Arthritis is a complex family of musculoskeletal disorders consisting of more than 100 different diseases or conditions that destroy joints, bones, muscles, cartilage and other connective tissues, hampering or halting physical movement. Myositis is defined as the inflammation of muscles (“myo” means muscle and “itis” means inflammation). The inflammatory myopathies are a group of disorders characterized by inflammation and weakness mainly of the muscles closest to the trunk of the body (proximal muscles). These disorders include polymyositis, dermatomyositis and inclusion body myositis. Myositis may be associated with inflammation in other organs, including the joints, heart, lungs, intestines and skin. In dermatomyositis, a rash develops in addition to the muscle inflammation.
What are the effects?
Each of the disorders associated with Myositis have different effects.
Characteristics of Polymyositis can include:
- Flares: Flares usually are recognized by increasing symptoms of muscle weakness, fatigue, skin changes or arthritis.
- Proximal muscle weakness: Symmetric weakness of the large muscles closest to the trunk of the body is the main symptom of polymyositis. Initially, hips, thighs and shoulders are commonly affected. Shoulder and pelvic girdle muscles are most severely affected. The weakness may make it difficult to lift heavy objects, climb stairs, or lift your arm to comb hair or put on a coat.
- Lung problems: Polymyositis can cause weakness of the muscles required for breathing. It may also cause fibrosis (build up of excessive scars tissue) of the lungs, which results in coughing and shortness of breath.
- Systemic symptoms: You may experience fever, weight loss, general malaise and Raynaud’s phenomenon (an extreme sensitivity and discoloration to cold, especially in your fingers).

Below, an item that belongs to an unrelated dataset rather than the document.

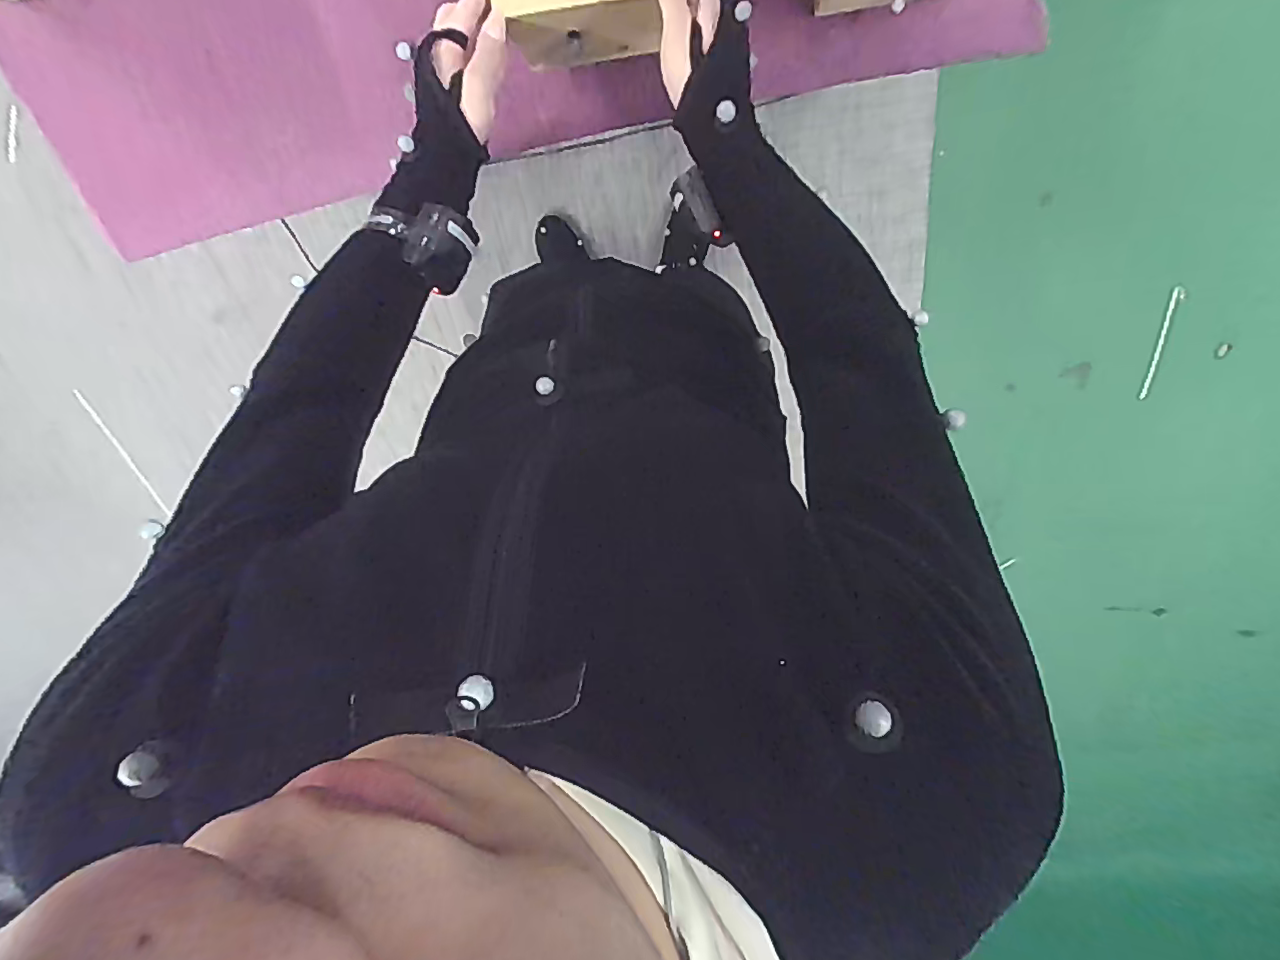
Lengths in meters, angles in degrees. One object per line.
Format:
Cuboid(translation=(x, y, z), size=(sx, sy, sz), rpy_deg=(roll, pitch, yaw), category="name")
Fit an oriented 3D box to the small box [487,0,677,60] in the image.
Cuboid(translation=(-0.054, -0.514, 0.492), size=(0.168, 0.176, 0.179), rpy_deg=(-6, 114, 5), category="small box")

- Joint pain: Pain in the joints commonly occurs during periods when the disease is active, but the joints are not usually warm or swollen.
Dermatomyositis is an inflammatory muscle disease, like polymyositis; however, it has a somewhat severe onset and affects both children and adults. Clinical features of dermatomyositis include all those of polymyositis, plus a variety of skin manifestations.

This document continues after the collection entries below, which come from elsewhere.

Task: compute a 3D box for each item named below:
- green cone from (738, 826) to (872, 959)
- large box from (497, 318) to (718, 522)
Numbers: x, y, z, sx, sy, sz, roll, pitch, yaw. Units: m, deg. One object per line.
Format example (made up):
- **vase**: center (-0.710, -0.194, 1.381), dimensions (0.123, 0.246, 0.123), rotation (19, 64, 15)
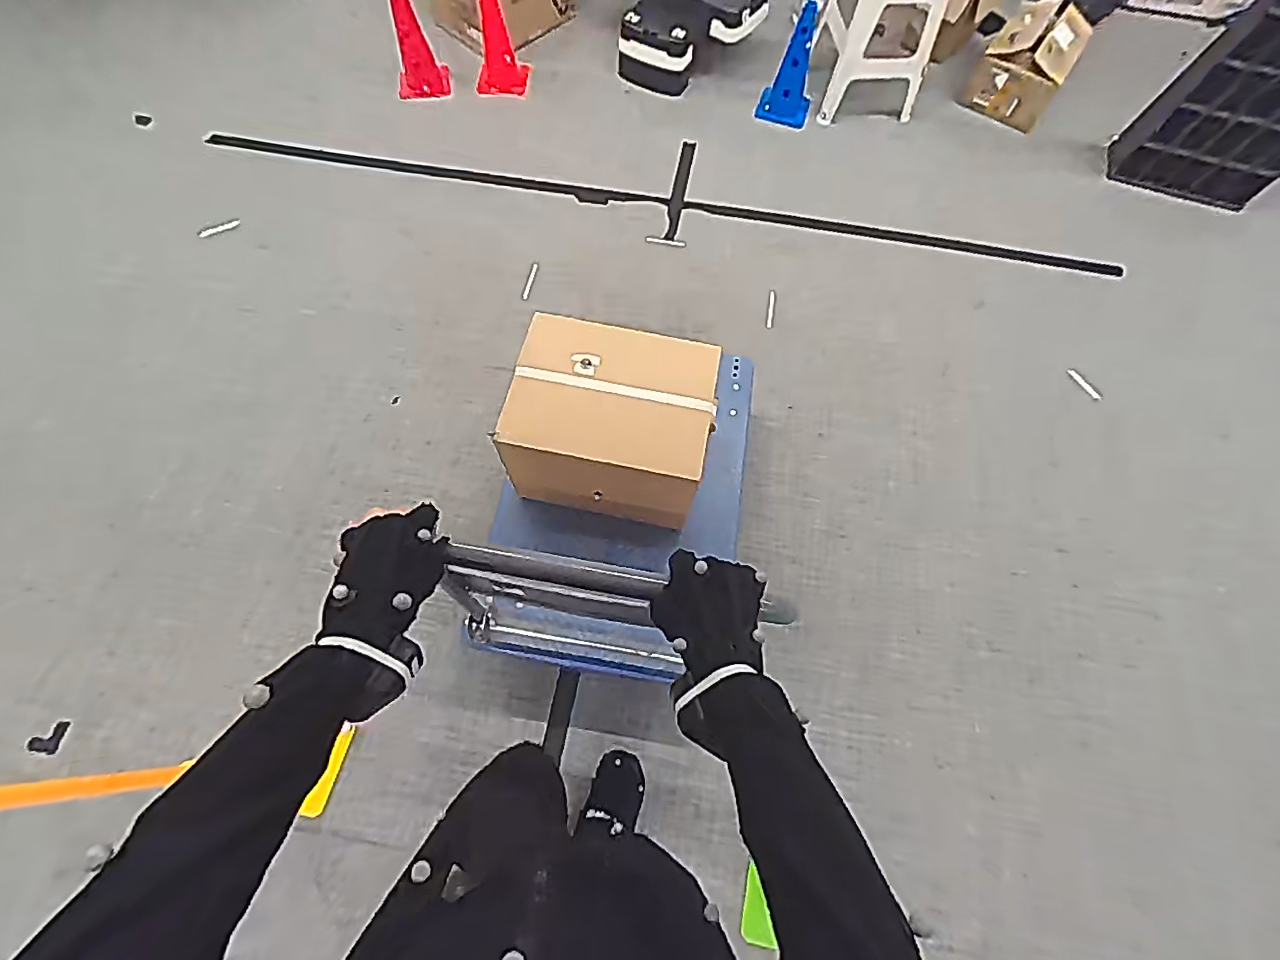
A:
- **green cone**: center (0.330, 0.817, 1.010), dimensions (0.202, 0.368, 0.200), rotation (14, 67, 3)
- **large box**: center (-0.057, -0.121, 1.232), dimensions (0.408, 0.320, 0.320), rotation (11, 68, 3)

Juvenile dermatomyositis differs from the adult form because of the coexistence of vasculitis (inflammation of blood vessels), calcium deposits and defective metabolism of fat. In juvenile dermatomyositis, the skin lesions and weakness almost always occur at the same time, but the severity and progression of each symptom varies from patient to patient.

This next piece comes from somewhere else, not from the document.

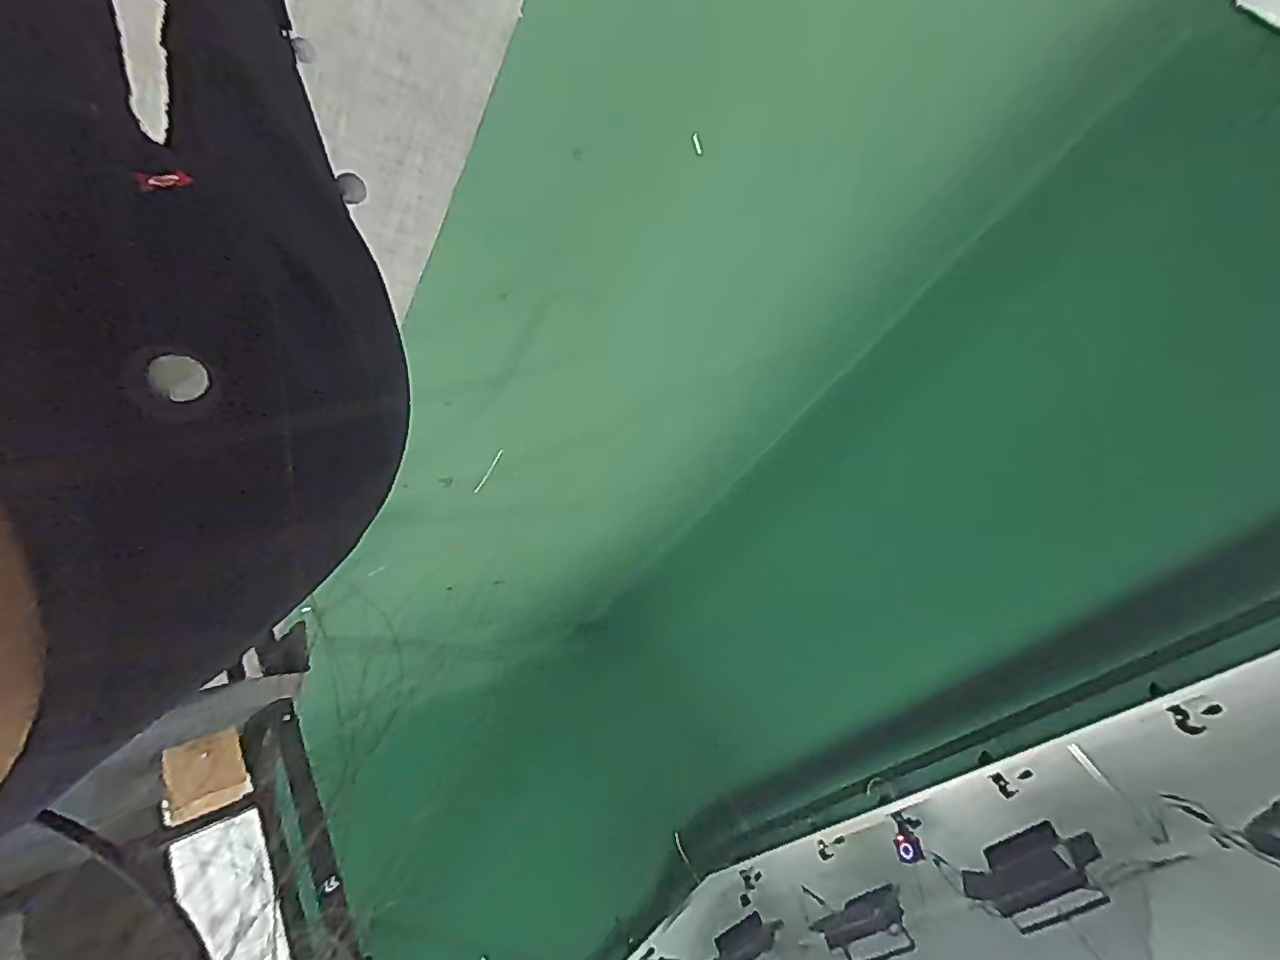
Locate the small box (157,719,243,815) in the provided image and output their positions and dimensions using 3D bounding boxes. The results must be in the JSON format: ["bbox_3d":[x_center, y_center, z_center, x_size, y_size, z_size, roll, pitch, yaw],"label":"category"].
[{"bbox_3d":[-1.268,0.820,1.557,0.168,0.176,0.179,-8,147,-46],"label":"small box"}]

Inclusion body myositis mainly affects older individuals. The symptoms begin and progress slowly. Symptoms often are present for five to six years before diagnosis. Swallowing difficulties are noted in more than 20 percent of patients. As muscle weakness becomes severe, it is accompanied by muscle wasting and diminished deep-tendon reflexes. Unlike polymyositis and dermatomyositis, the muscle weakness is often not as symmetric, and may be prominent in the smaller muscles of the forearms and calfs.
How is it diagnosed?
To diagnose myositis, your doctor will ask you a series of questions about your symptoms, perform a physical exam and order several laboratory tests.
What are the treatment options?
Treatments can include rest, physical therapy and medications such as corticosteroids or DMARDS.